Why make a point of such terms? For us, they suggest qualitative markers for empirical investigation. It is possible to ask subjects to consider whether they might have felt they were straightened up or stopped in relation to their experience of heterosexuality, whether they felt they were required to swivel back and forth between the accepted and the less orthodox, or whether they ever felt disoriented and had a sense of alternatives with which they were not familiar. Such qualitative markers can provide a means for articulating experiential movements within and across a taxonomy of heterosexual scenarios.
Conclusion
Bhattacharyya’s summative point regarding the social location of heterosexuality – that is, straights ‘are just straight’ (2002: 22) – cannot be all that sexuality scholarship says about the subject. In this context, it is asserted that non-normative possibilities should not be understood as available only at the social margins. Instead, such possibilities may be intrinsic within even dominant practices like heterosexuality. Heterodox ways of ‘doing heterosexuality and heterogenders’ (Rossi, 2011: 20) require conceptual theorisation and empirical scrutiny in ways which move beyond the equation of heterosexuality with heteronormativity. With this aim in mind, how then might heterodoxy be understood and investigated?
Developing the notion of heterodoxy provides a means to critically examine a number of orthodoxies about heterosexuality, enabling exploration of possibilities for change even where these are not self-consciously or deliberately political. In order to undertake this exploration we firstly outlined why heterodoxy might be a useful way of discussing the non-normative, and then used three gradients of dissent to illustrate this – divergence, transgression and subversion. Finally, we turned from these illustrations to a brief account of potentially useful terms drawn from queer postcolonial thought to explore how subjects might experience location within and movement across these gradients.

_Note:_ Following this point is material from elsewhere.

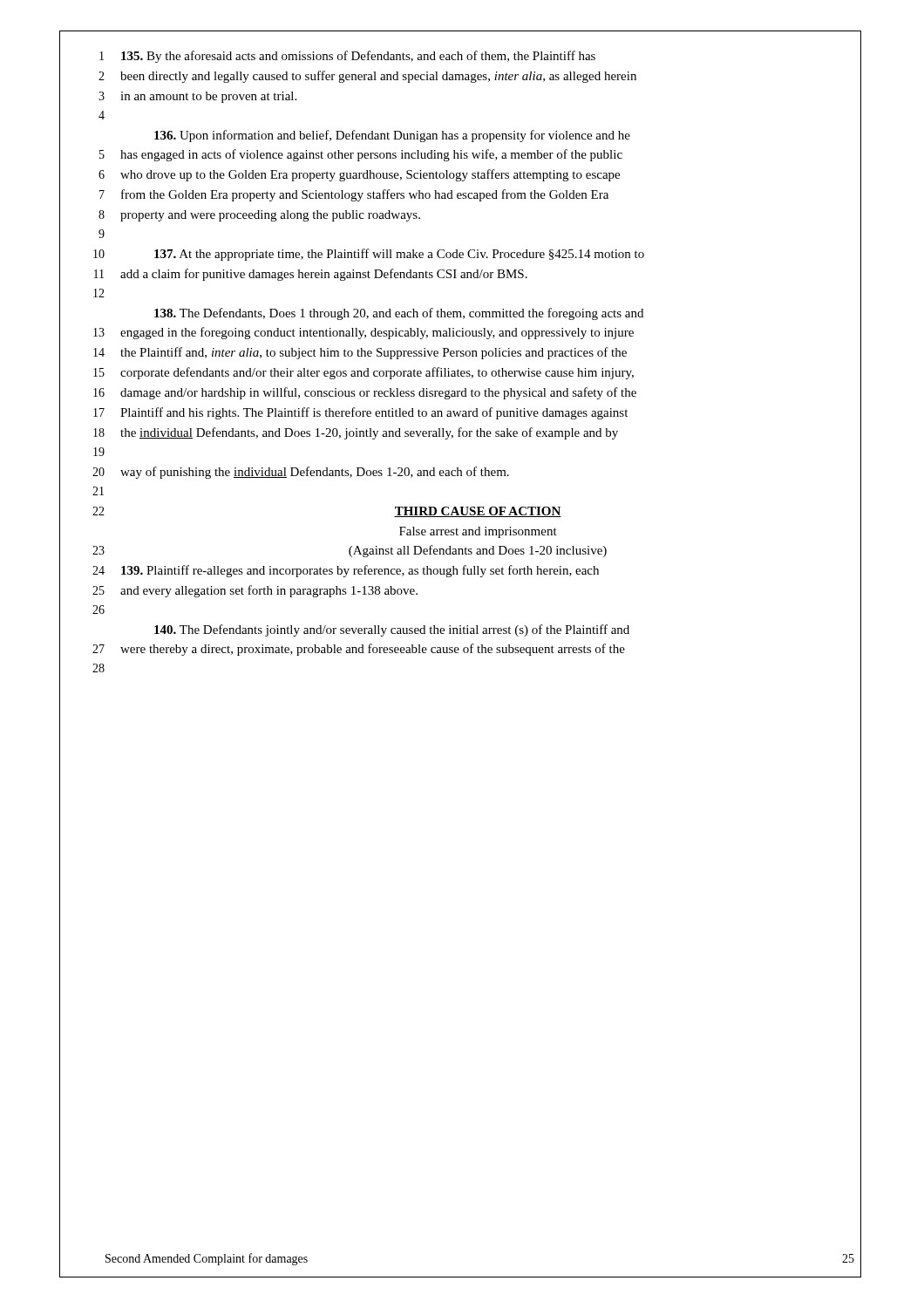Viewport: 924px width, 1308px height.
Task: Locate the text block containing "18 the individual"
Action: [447, 433]
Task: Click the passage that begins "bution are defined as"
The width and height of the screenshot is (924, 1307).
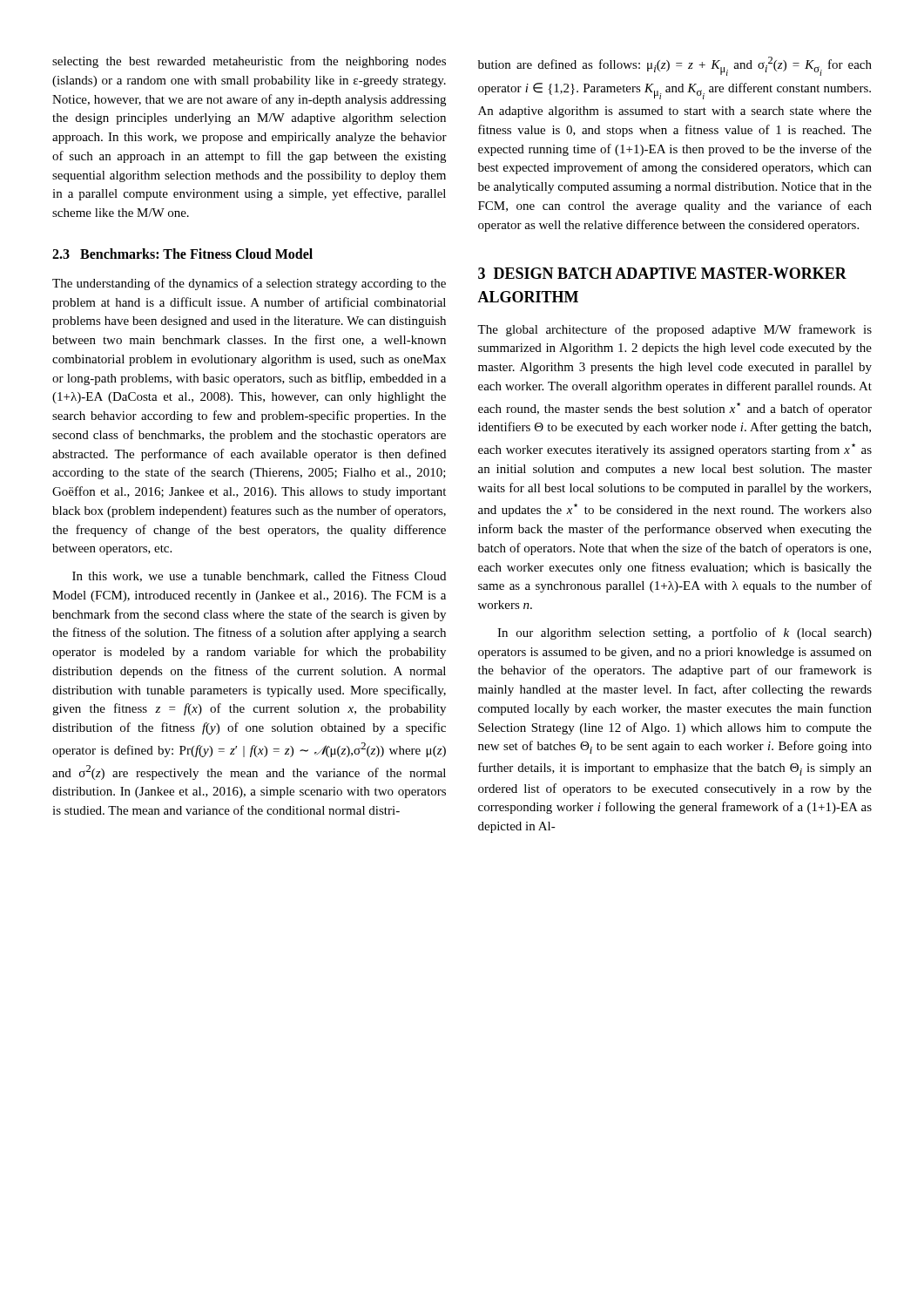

The conjunction of examining diverse practices in heterosexuality, along with a focus on experiential turning points, is primarily aimed towards the development and use of the term ‘heterodoxy’, but is also intended to signal an initial methodological framework for future theoretical and empirically based work. By this means, we hope to better understand and contest heterosexuality’s coercive aspects while also gaining a better understanding of how more egalitarian forms of heterosexuality might be possible.